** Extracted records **
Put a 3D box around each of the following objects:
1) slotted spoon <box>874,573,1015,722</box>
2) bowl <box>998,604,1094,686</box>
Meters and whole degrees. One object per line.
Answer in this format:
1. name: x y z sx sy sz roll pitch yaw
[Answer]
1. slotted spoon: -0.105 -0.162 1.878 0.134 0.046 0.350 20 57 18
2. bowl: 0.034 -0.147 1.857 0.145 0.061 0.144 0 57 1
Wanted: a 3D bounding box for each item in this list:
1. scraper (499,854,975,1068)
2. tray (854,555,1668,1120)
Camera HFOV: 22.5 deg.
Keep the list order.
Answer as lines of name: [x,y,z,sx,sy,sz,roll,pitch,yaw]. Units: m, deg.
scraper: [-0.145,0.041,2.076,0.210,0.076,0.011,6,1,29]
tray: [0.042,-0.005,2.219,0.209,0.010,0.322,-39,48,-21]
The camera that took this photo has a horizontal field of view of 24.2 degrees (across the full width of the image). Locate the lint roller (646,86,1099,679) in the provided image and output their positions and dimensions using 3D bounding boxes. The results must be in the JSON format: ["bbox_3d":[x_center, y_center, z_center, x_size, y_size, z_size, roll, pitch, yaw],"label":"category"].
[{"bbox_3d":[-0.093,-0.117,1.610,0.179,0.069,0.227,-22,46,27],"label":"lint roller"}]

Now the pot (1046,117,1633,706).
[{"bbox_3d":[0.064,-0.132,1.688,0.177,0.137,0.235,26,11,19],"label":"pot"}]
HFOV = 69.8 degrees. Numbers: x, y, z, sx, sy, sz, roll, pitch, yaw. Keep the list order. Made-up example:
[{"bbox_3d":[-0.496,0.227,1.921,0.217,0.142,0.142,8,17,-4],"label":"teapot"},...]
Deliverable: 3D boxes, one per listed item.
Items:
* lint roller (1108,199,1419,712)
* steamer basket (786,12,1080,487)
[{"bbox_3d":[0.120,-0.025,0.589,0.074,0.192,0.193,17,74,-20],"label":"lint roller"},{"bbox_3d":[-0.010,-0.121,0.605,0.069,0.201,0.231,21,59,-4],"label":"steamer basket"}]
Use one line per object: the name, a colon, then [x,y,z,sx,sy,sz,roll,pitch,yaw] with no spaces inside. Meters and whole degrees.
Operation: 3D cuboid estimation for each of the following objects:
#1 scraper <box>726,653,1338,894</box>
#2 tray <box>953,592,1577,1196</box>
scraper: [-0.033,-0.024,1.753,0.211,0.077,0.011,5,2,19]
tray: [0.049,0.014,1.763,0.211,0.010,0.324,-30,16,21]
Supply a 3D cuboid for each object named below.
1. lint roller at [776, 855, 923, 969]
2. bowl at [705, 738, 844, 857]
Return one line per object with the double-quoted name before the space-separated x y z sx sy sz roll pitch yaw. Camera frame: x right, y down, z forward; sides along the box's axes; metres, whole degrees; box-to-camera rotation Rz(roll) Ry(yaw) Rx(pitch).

** YOUR OBJECTIVE **
Answer with a single number: how many lines above hold the word "following"?

** RESPONSE BELOW **
2